В ту ночь у нее был прекрасный сон, с морями и островами, покрытыми деревьями. Она проснулась на рассвете и обрадовалась, что Лоренс спит рядом. Она встала, подошла к окну и стала смотреть на спящий Дублин.
Она вспомнила о своем отце, который обычно делал это, когда она просыпалась в страхе. Воспоминание принесло еще одну сцену из детства.
Они были на пляже с отцом, и он попросил ее проверить, была ли температура воды достаточной. Ей было 5 лет, и ее воодушевило то, что она может помочь ему в чем-то. Брида подошла к берегу и обмакнула ногу.
– Опусти ногу, вода холодная, – сказала она ему.
Отец взял ее на руки, подошел к морю и безо всякого предупреждения опустил ее в воду. Она испугалась, но потом все обратилось в шутку.
– Ну, и как вода? – спросил отец.
– Хорошая, – ответила она.
– Тогда впредь, если ты захочешь узнать что-нибудь, окунайся в это с головой.
Она очень быстро забыла этот урок. Несмотря на то, что ей был только 21 год, она уже успела заинтересоваться и отказаться от многих вещей с той же скоростью, с какой воодушевлялась ими. Она не боялась трудностей: ее пугала необходимость выбрать путь.
Выбрать один путь означало оставить остальные. У нее была целая жизнь, чтобы жить, и она всегда думала, что, возможно, будет раскаиваться в будущем в вещах, которые хочет совершать сейчас.
«Мне тяжело брать на себя обязательства», – подумала она. Ей хотелось пройти все возможные пути, но в результате она не проходила ни одного.
Даже в самом важном в жизни, в любви, она не могла дойти до конца; после первого разочарования она никогда больше не отдавалась целиком. Она боялась страдания, потерь, неизбежного расставания. Конечно, это всегда присутствовало на пути любви, и единственным средством избежать этого было отказаться проходить этот путь. Чтобы не страдать, необходимо было не любить.
Как если бы чтобы не видеть зло в жизни, нуждаться в слепоте.
«Жить очень сложно».
Нужно было пройти опасности, следовать одним путям и оставить другие. Она вспомнила, как Уикка говорила о людях, которые идут по дорогам, только лишь чтобы доказать, что они не для них. Но это не бьшо самым ужасным. Самое ужасное было выбрать и провести остаток жизни, размышляя, был ли выбор правильным. Никто не мог выбирать и не бояться.

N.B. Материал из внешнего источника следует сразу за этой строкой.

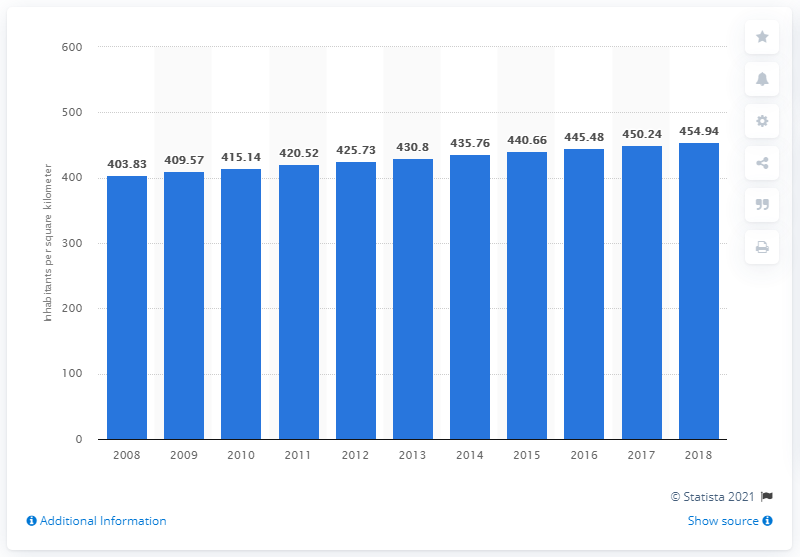Highlight a few significant elements in this photo. In 2018, the population density in India was approximately 454.94 people per square kilometer.

Тем не менее, это был закон жизни. Это была Темная Ночь, и никто не мог уйти от Темной Ночи, даже если никогда не примет решения, даже если у него не будет смелости изменить что-либо; потому что это уже само по себе решение и изменение. И без сокровищ, спрятанных в Темной Ночи.
Лоренс, наверное, был прав. В конце концов они будут смеяться над страхами, которые у них были вначале. Как она смеялась над змеями и скорпионами, которых выдумала в лесу. В отчаянии она не забыла о святом покровителе Ирландии, Святом Патрике, который изгнал всех змей из страны.

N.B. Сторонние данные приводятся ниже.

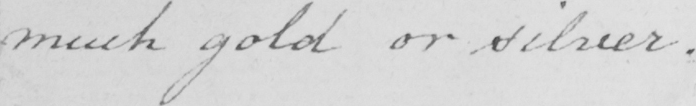What text is written in this handwritten line? much gold or silver .

– Какое счастье, что ты у меня есть, Лоренс! – сказала она тихонечко, чтобы он не услышал.
Она снова легла в постель, и сон пришел очень быстро. Прежде, тем не менее, она вспомнила еще одну историю, связанную с отцом. Это было воскресенье, и вся семья собралась на ужине в доме у бабушки. Ей было уже лет 14, и она жаловалась, что не могла сделать какую-то работу для школы, потому что все, что она затевала, заканчивалось плохо.
– Возможно, эти провалы научат тебя чему-нибудь, – сказал ее отец. Но Брида настаивала, что нет, что она пошла по ошибочному пути и сейчас нет других средств.

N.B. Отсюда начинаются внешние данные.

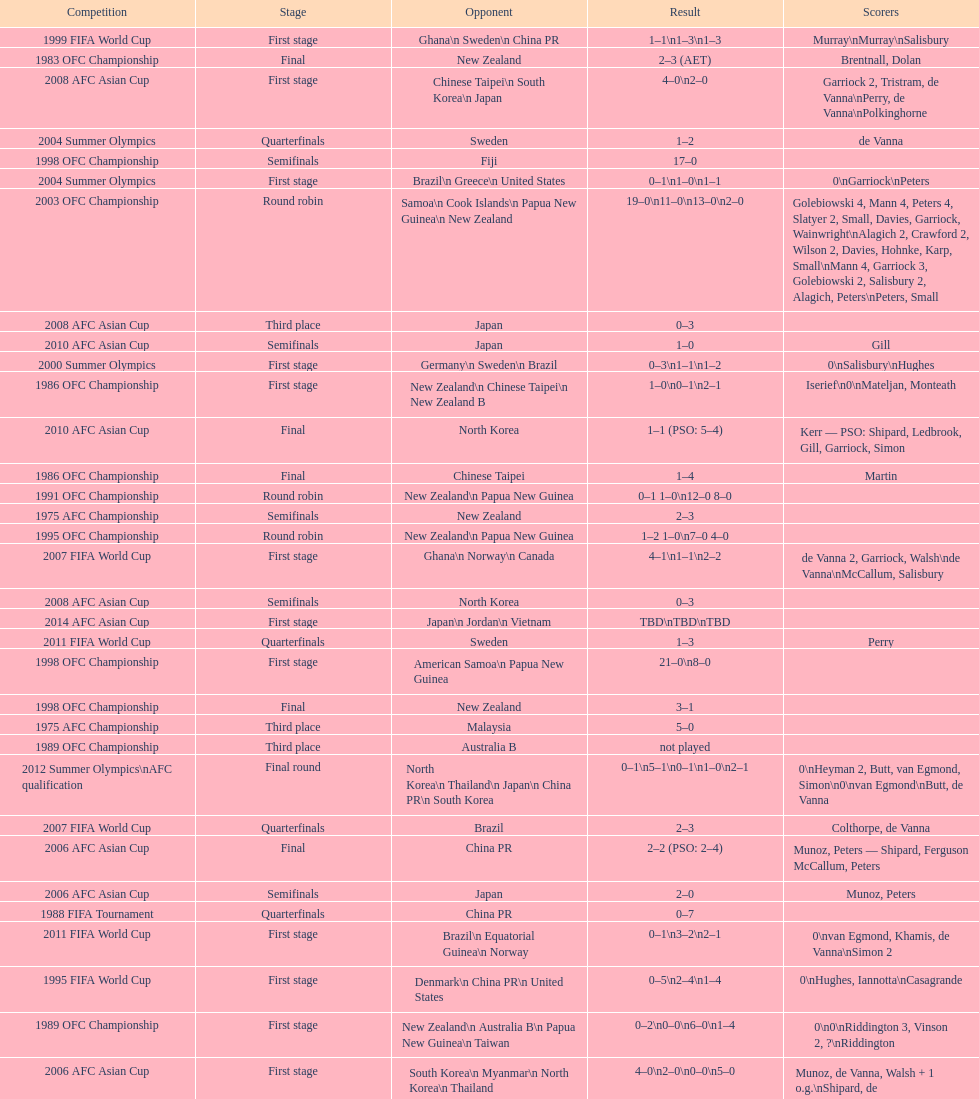What it the total number of countries in the first stage of the 2008 afc asian cup? 4.

Отец взял ее за руку, и они пошли в большую комнату, где бабушка обычно смотрела телевизор. Там были большие старые напольные часы, которые остановились много лет назад из-за нехватки деталей.
– В мире нет ничего полностью ошибочного, дочка, – сказал отец, смотря на часы. – Даже остановившиеся часы могут показывать точное время 2 раза в день.
Какое-то время она шла по горе, пока не нашла Мага. Он сидел на скале, почти на вершине, созерцая долину и горы, которые были на Западе. Место было очень красивым, и Брида вспомнила, что духи предпочитают именно такие места.
– Возможно, Господь – это только Бог Красоты? – сказала она, пока приближалась. – И почему тогда в этом мире есть некрасивые места и люди?
Маг не ответил. Брида была рассеянна.
– Наверное, вы не помните меня. Я была здесь 2 месяца назад. Я провела тогда целую ночь одна в лесу. И я пообещала себе самой, что вернусь, только когда открою мой путь. Я познакомилась с одной женщиной, которую зовут Уикка.